I don't know what the capacity of the nearline is. I think typically commvault here backed up the native sql backups once a day where my backups include weekly full, nightly differential and every 15 minute incrementals -- to disk. I also have log shipping in place on one server, so it's pretty tricky to compare things. And then there is how to test without breaking the existing setup until you're ready to dump it.
One question: do my differentials and incrementals determine which full or diff they are "working from" by looking in msdb? Or does sql actually look on the disk to find the file? If it looks on disk then a test full backup with commvault ( to nearline) will cause my subsequent normal incremental ( tlog ) backups to fail.

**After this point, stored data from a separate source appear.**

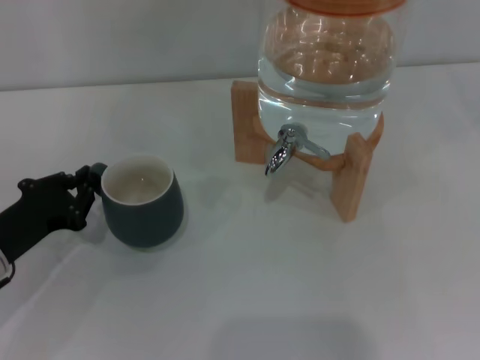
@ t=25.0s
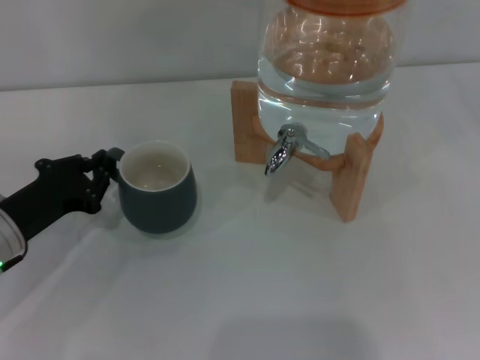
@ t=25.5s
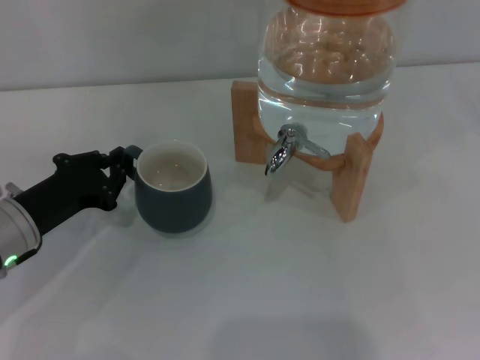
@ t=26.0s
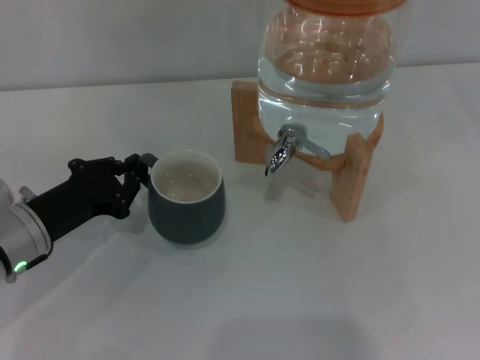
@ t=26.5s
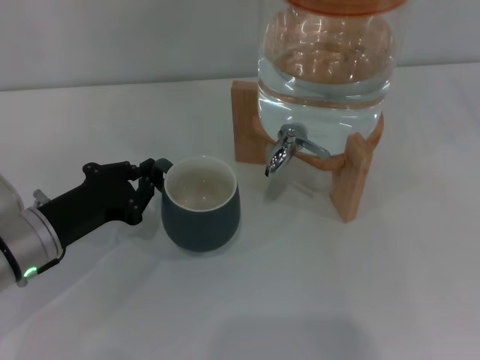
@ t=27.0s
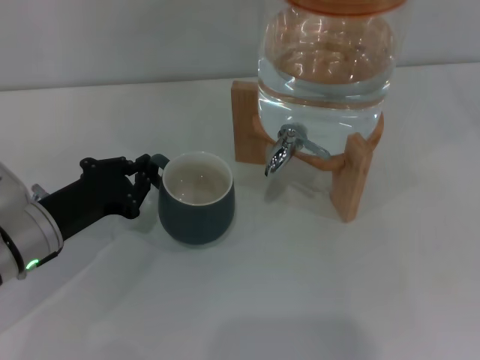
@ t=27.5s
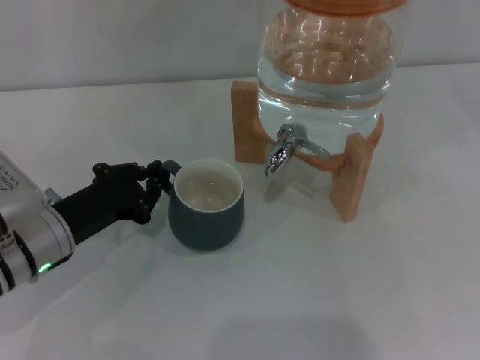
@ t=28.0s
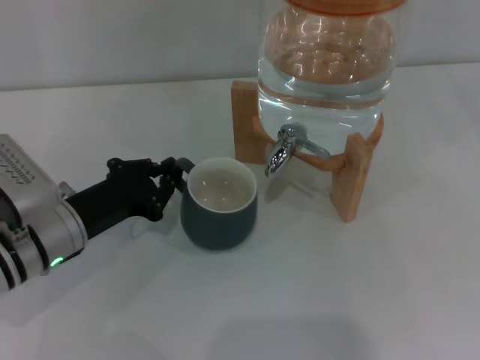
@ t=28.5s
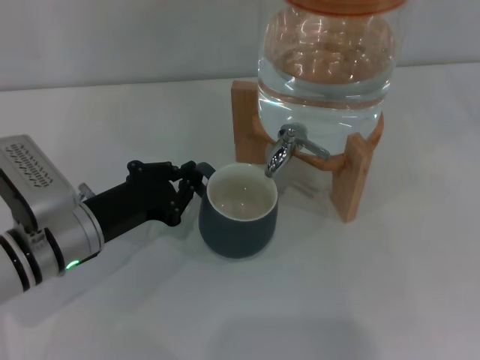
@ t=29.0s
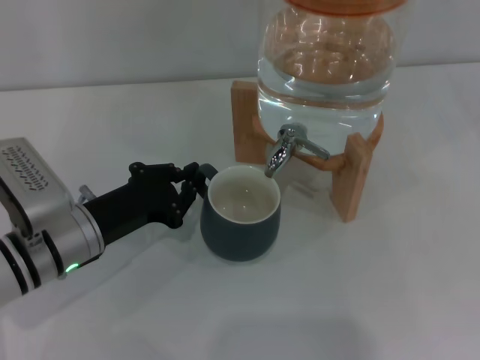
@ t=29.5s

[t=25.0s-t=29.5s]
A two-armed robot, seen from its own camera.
Task of the whole recording: the left gripper pick up the black cup and place it horizontally under the faucet, the right gripper turn on the faucet to fill the cup, and then turn off the faucet.
t=25.0s to t=27.0s: The left gripper moves approximately 5 cm.
t=27.0s to t=29.5s: The grippers move only a little.

November 6, 2009 at 3:05 pm
Indianrock (11/6/2009)
One question: do my differentials and incrementals determine which full or diff they are "working from" by looking in msdb? Or does sql actually look on the disk to find the file? If it looks on disk then a test full backup with commvault ( to nearline) will cause my subsequent normal incremental ( tlog ) backups to fail.
Ok answered my own question there, it's looking in msdb.backupfile and/or msdb.backupset But if the backup file your differential or tlog backup job is looking for isn't in those tables it won't run. Also, if it is in those tables but the correct file is missing from disk you can do the differential backup or tlog backup, but they won't restore.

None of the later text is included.